Confidence Intervals
mctad.js’ implementation of confidence intervals draws heavily from Chapter 5 of William Navidi’s Statistics for Engineers and Scientists (McGraw-Hill, 2008). The data used here to illustrate their use (and used in the unit tests) comes from journal artices cited in Navidi’s text.
Confidence Intervals on the Population Mean
mctad.confidenceIntervalOnTheMean(X̄, s, n, α, type)

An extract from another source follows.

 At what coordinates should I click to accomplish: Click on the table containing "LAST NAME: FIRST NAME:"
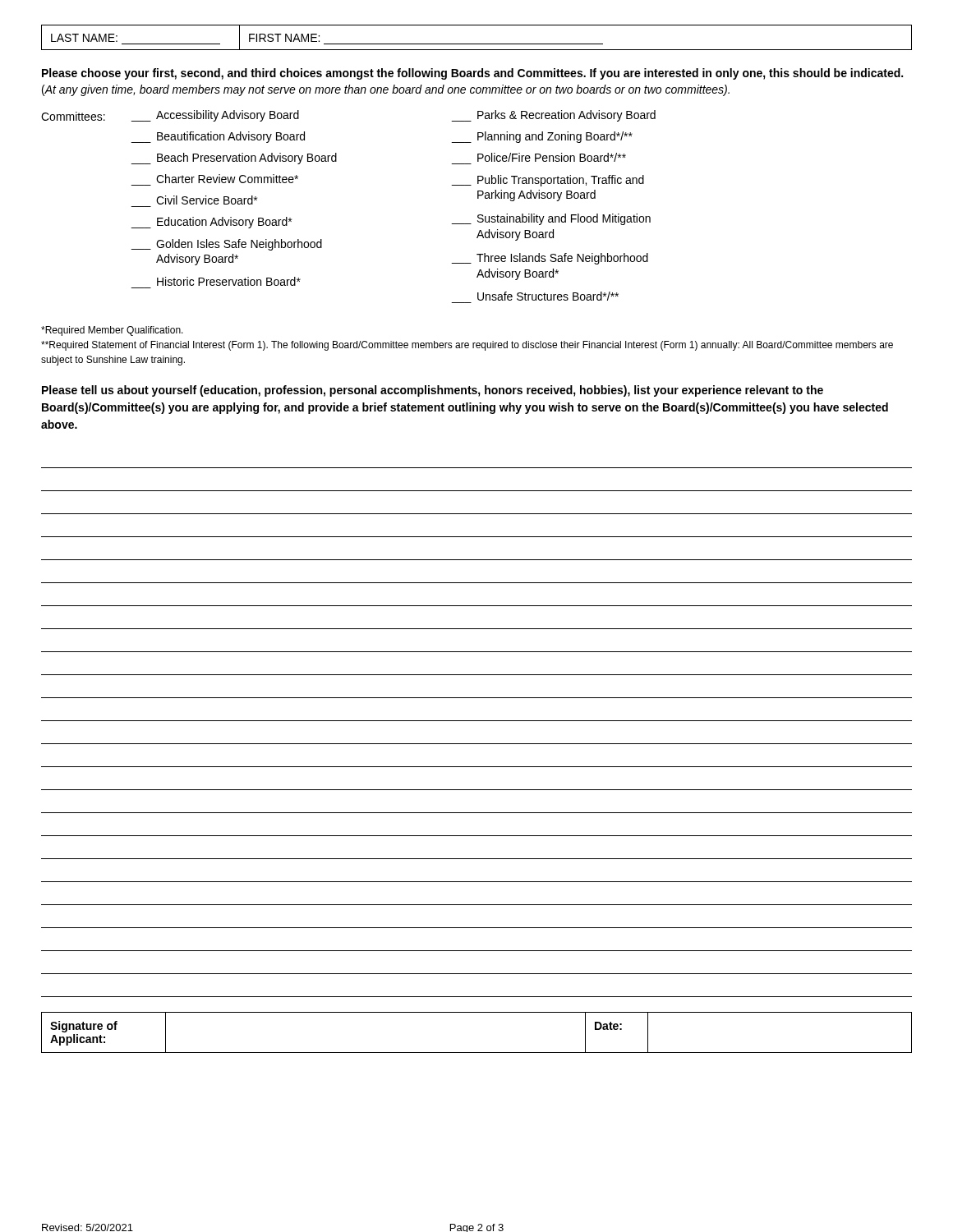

Consider Z. Yang, Y. Chen, and Y. Yang, “Study on the Life Distribution of Microdrills”, Journal of Engineering Manufacture, 2002:301-305. This journal found that in a sample of 50 low-carbon alloy steel microdrills, the average lifetime (number of holes drilled before failure) was 12.68 with a standard deviation of 6.83.
Because the sample size is large (n > 30), the two-tailed 95% confidence interval can be calculated using a Z Score as X̄ ± zα/2σX̄
> mctad.confidenceIntervalOnTheMean(12.68, 6.83, 50, 0.05);
[10.787739226564065, 14.572260773435934]
>
A one-tailed confidence interval will be calculated if passed either ‘l’ or ‘u’ for the optional type argument. The lower-tailed 99% confidence, then, is
> mctad.confidenceIntervalOnTheMean(12.68, 6.83, 50, 0.01, 'l');
10.435143205815796
>
Now consider K. Tan, K. Tong, and C. Tang, “Direct Strut-and-Tie Model for Prestressed Deep Beams”, Journal of Structural Engineering, 2001:1076-1084. This article presents measurements of the nominal shear strength for a sample of 15 prestressed concrete beams. The average shear strength was 668.27 kN with a standard deviation of 192.089.
Because the sample size is small (n ≤ 30), it is inappropriate to use the Standard Normal Distribution and a Z Score. An examination of the raw sample data reveals no strong asymmetry or outliers, so the two-tailed 99% confidence interval can be calculated using a t Score as X̄ ± tn-1, α/2σX̄
> mctad.confidenceIntervalOnTheMean(668.27, 192.089, 15, 0.01);
[520.6192352323235, 815.9207647676765]
>
mctad.js will switch between using Z Scores and t Scores based on the sample size, but makes no attempt to assess whether an assumption of normality in the sample data is warranted.